= Iberpac =

Iberpac (or Red UNO) was the Spanish packet switched X.25 public data network. It was operated by Telefónica España, the incumbent Spanish telecommunications operator. Iberpac lents its name to Iberpac Plus and Iberpac Básico, the latest X.25 services in Spain.

==History==

===Red Especial de Transmisión de Datos===
Iberpac evolved from the Spanish Red Especial de Transmisión de Datos (RETD), the world's first public data network. Created in 1971, RETD was based on general-purpose Univac 418 III computers. The original Red Secundaria de Alto Nivel (RSAN) protocols for RETD were custom-developed by Telefónica (then CTNE) under ARPANET design principles.

===Project TESYS===
By 1978, project TESYS (Telefónica, SECOINSA, SITRE) started the development of specific-purpose switching nodes. Some of the design principles of TESYS nodes were advanced for their time (multithreading, token passing protocols). In contrast, the large user base with terminals based on legacy RSAN protocols slowed the adoption of X.25, TESYS product development and support were targeted to CTNE only (thus precluding the spread of TESYS to international markets) and data lines in Spain became slow for their time (only 2% lines above 1200 bit/s in Spain in 1982, compare 89% in West Germany).

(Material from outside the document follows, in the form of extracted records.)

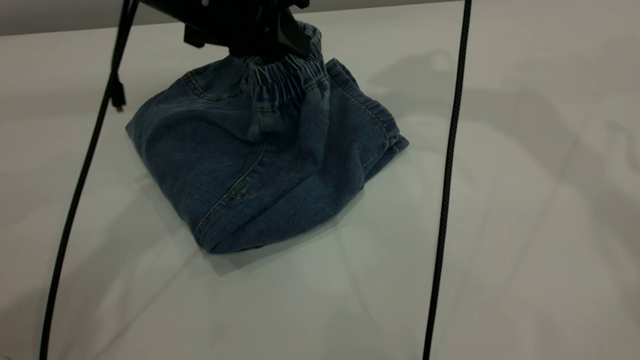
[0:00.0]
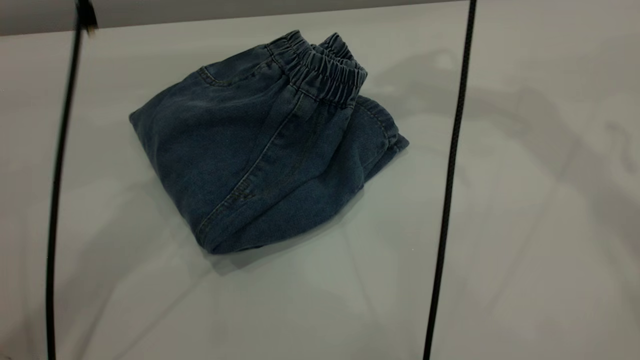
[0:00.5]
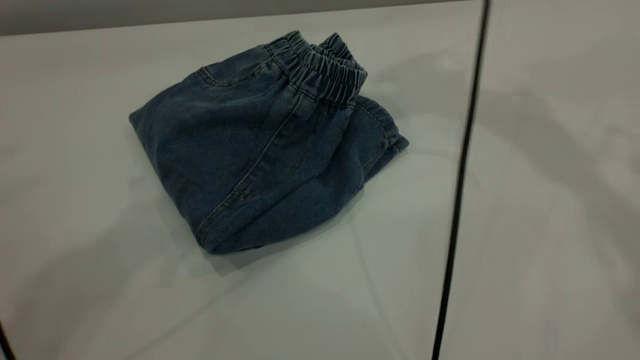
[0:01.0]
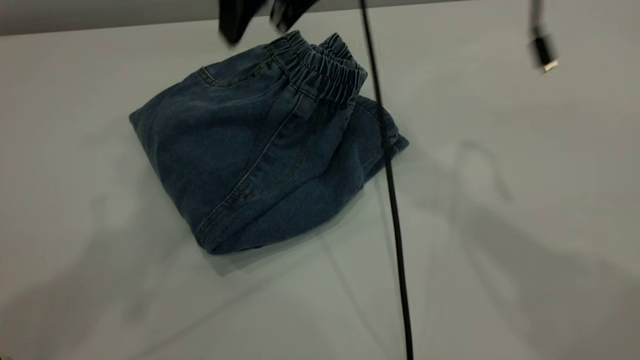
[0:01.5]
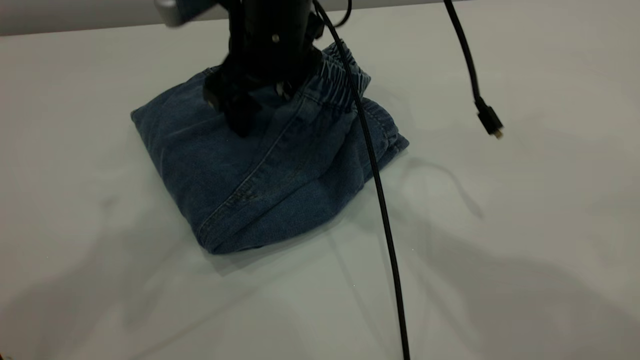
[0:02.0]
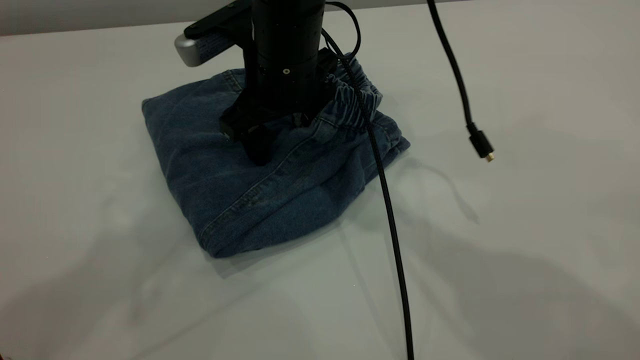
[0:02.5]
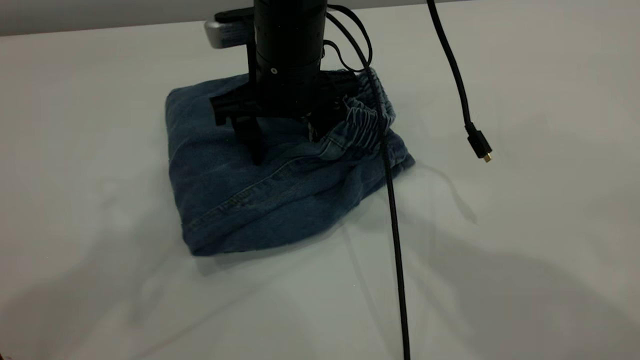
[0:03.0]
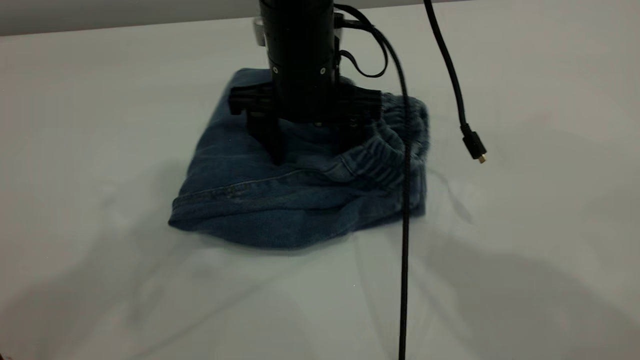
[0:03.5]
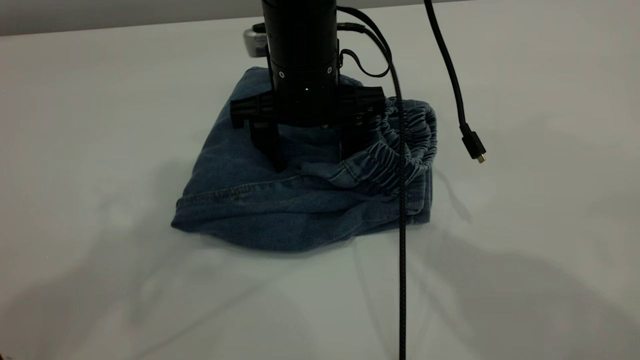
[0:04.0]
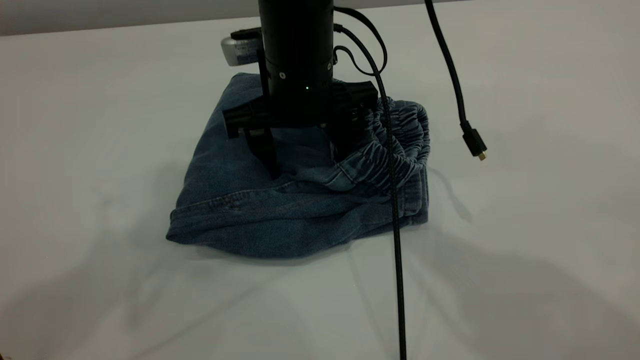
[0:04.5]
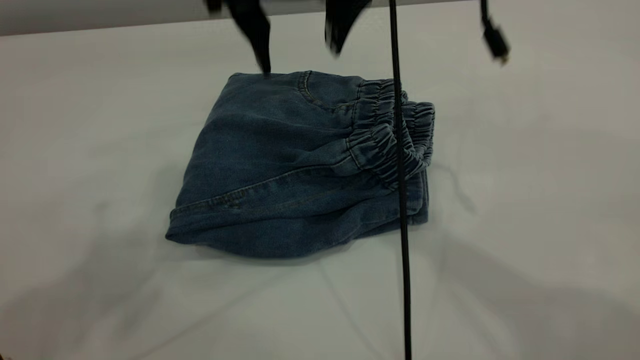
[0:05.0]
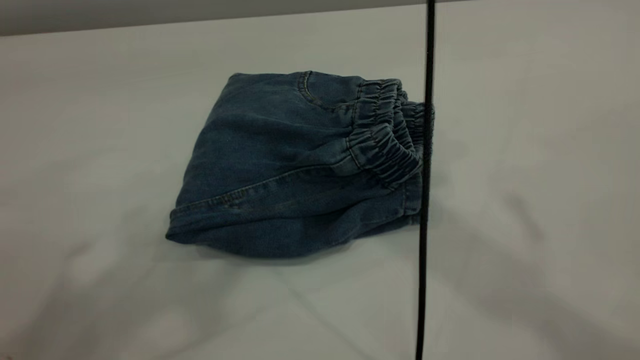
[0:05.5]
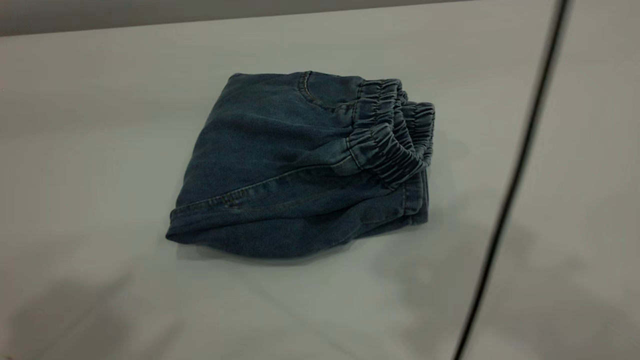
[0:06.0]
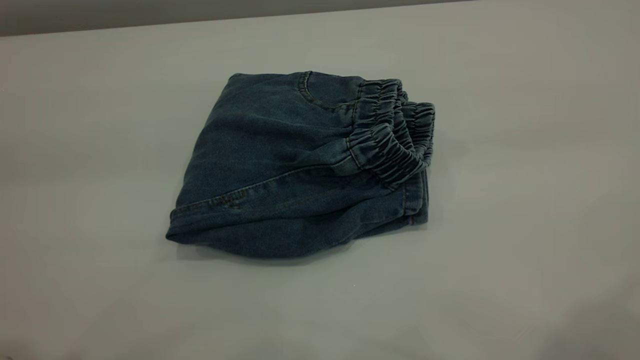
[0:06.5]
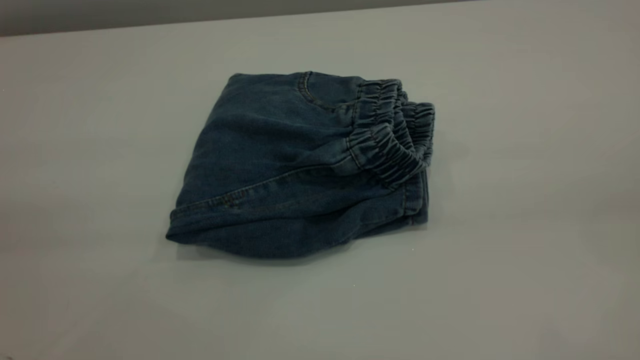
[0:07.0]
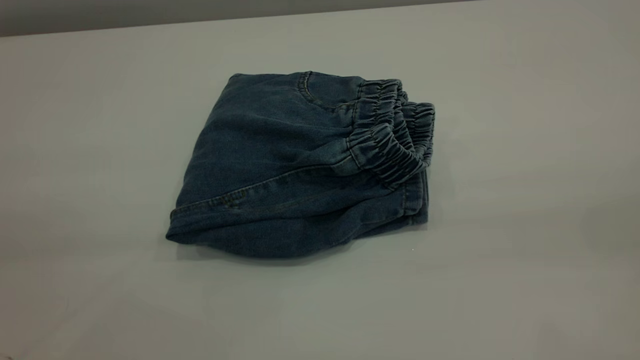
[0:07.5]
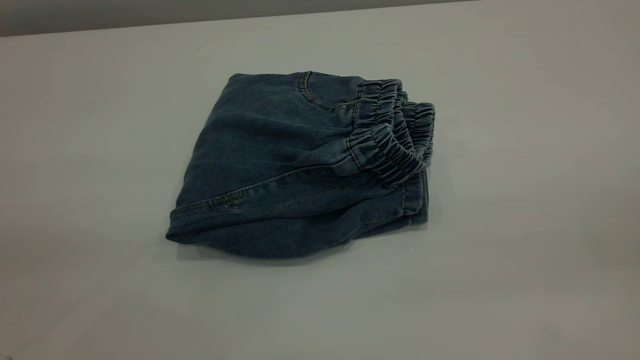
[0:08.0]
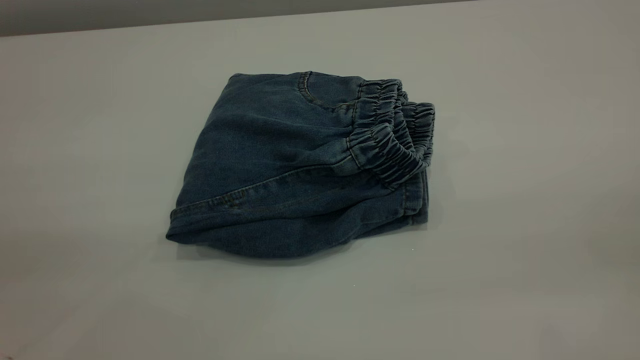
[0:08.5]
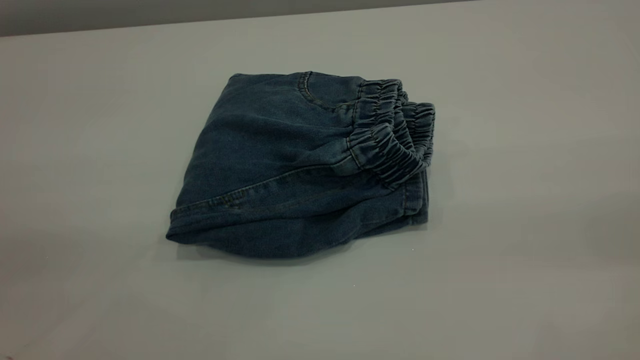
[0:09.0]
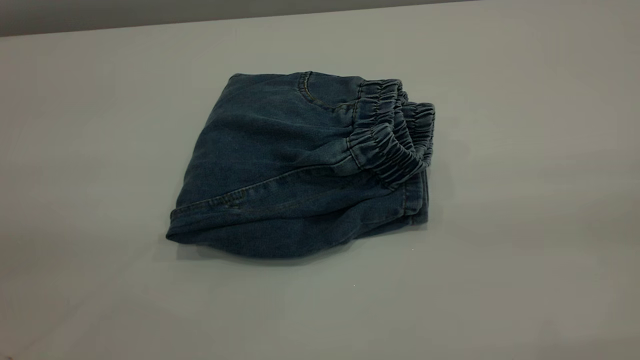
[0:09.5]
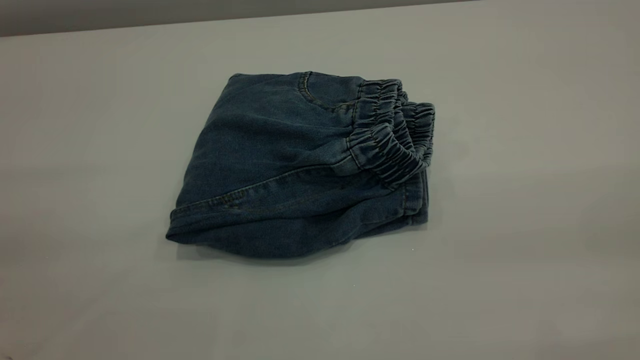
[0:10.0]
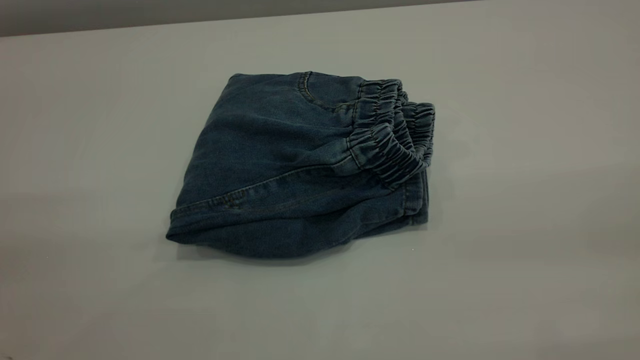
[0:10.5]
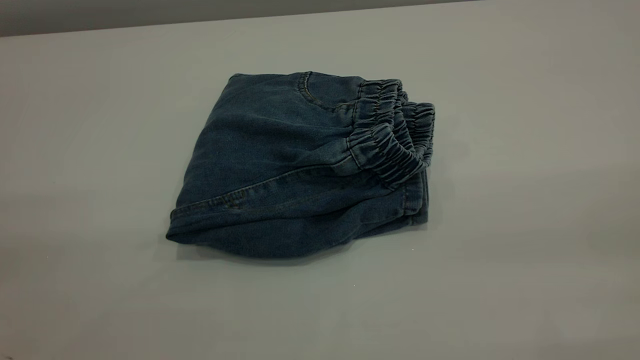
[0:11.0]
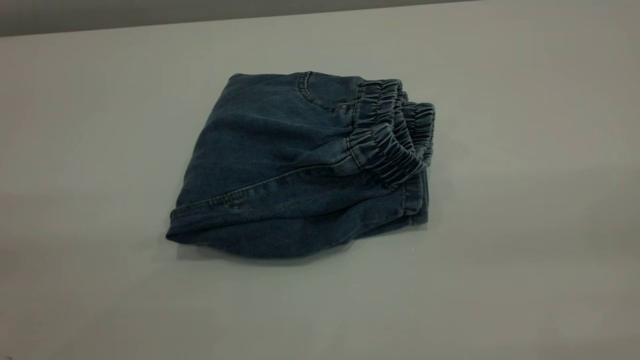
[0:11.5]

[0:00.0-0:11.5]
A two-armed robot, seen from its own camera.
0:00.0 to 0:02.0: The left gripper goes some 30 cm upward and backward, and opens. The right gripper is displaced downward and to the left by some 25 cm.
0:04.0 to 0:06.0: The right gripper shifts about 40 cm upward, backward and to the right. The left gripper shifts some 15 cm backward and to the left.
0:06.0 to 0:07.5: The right gripper shifts roughly 25 cm backward, to the right and downward.
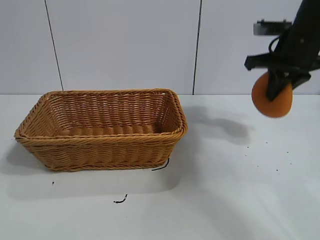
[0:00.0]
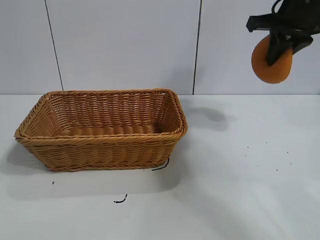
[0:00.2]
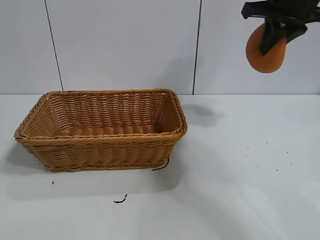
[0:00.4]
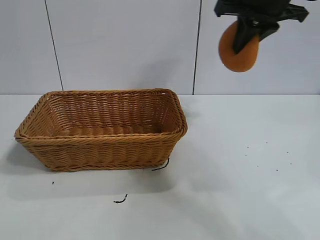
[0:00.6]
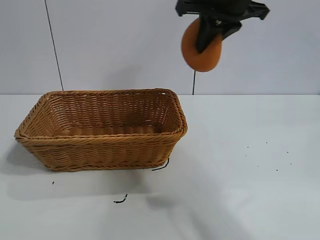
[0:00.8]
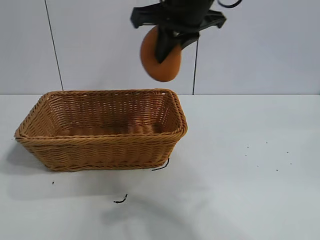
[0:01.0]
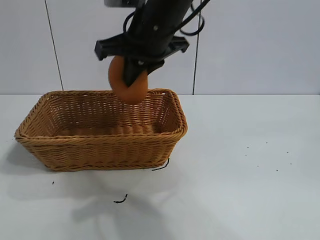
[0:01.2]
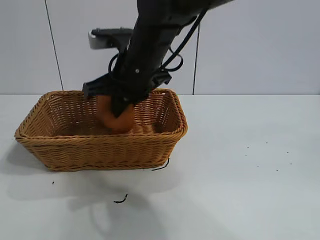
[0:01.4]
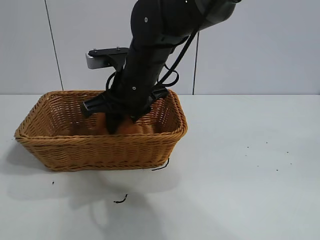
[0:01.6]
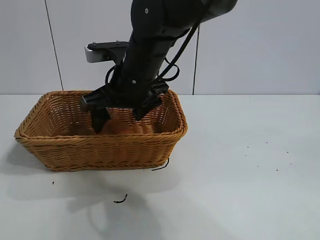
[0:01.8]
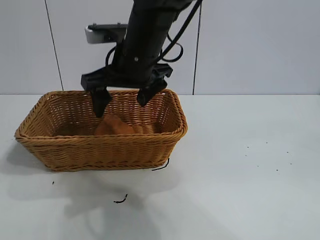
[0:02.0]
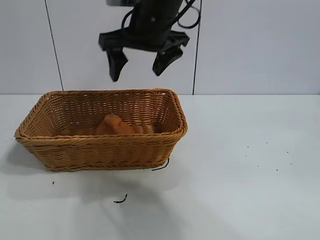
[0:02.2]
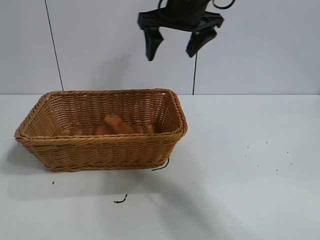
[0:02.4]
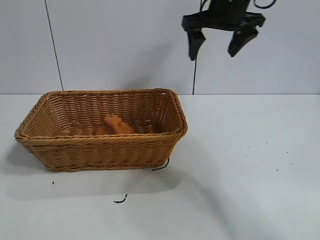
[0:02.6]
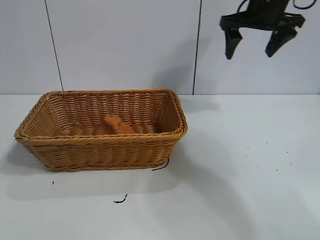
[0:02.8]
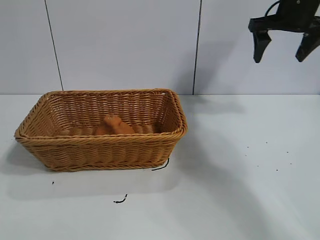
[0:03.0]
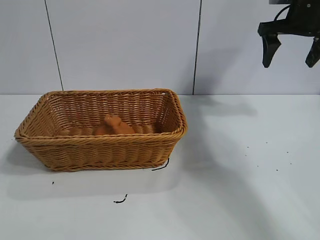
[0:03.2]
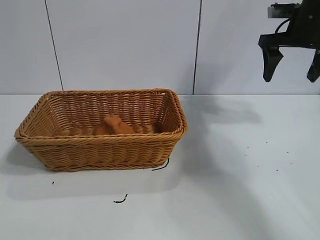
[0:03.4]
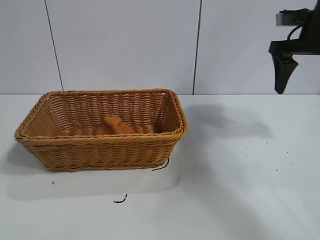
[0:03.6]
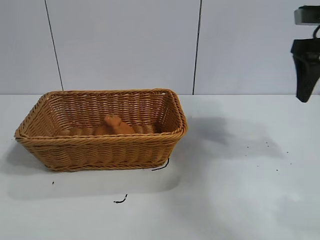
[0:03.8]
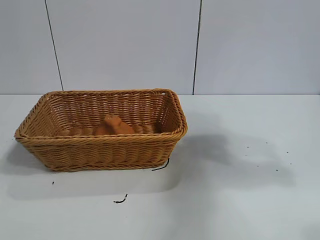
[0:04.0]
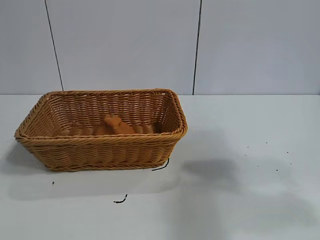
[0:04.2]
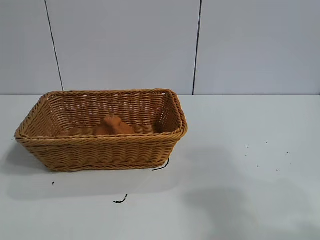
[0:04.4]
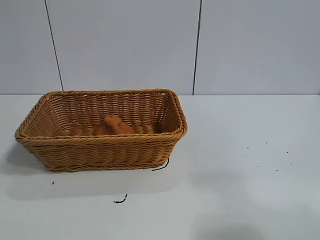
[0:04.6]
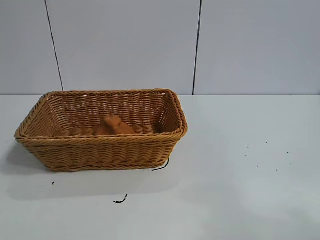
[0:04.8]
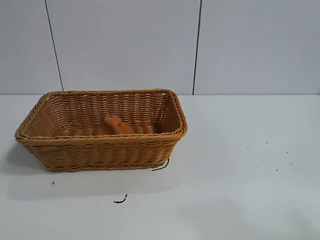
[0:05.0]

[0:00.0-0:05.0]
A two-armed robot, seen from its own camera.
Task of the whole recording: pick up the orange and put it into the basket.
Step, 0:00.0 to 0:01.8: Place the orange in the basket with right gripper.

===Iberpac and Red UNO X.25===
Renamed as IBERPAC, the network evolved to X.25 in the 1980s, and it was renamed again as 'Red UNO' in the 1990s. Bank branches and financial services conformed the main user base. IBERPAC enabled new videotex and teletext services, although the adoption lagged far behind the popularity of similar services in other countries, such as the French Minitel. Services based on legacy RSAN protocols were definitely scrapped in 1996.

==Use==
Until December 31, 2015, Red UNO supported two legacy X.25 services: flat-rate Iberpac Plus and pay-per-use Iberpac Básico. Iberpac services were targeted to corporate customers with specific reliability demands.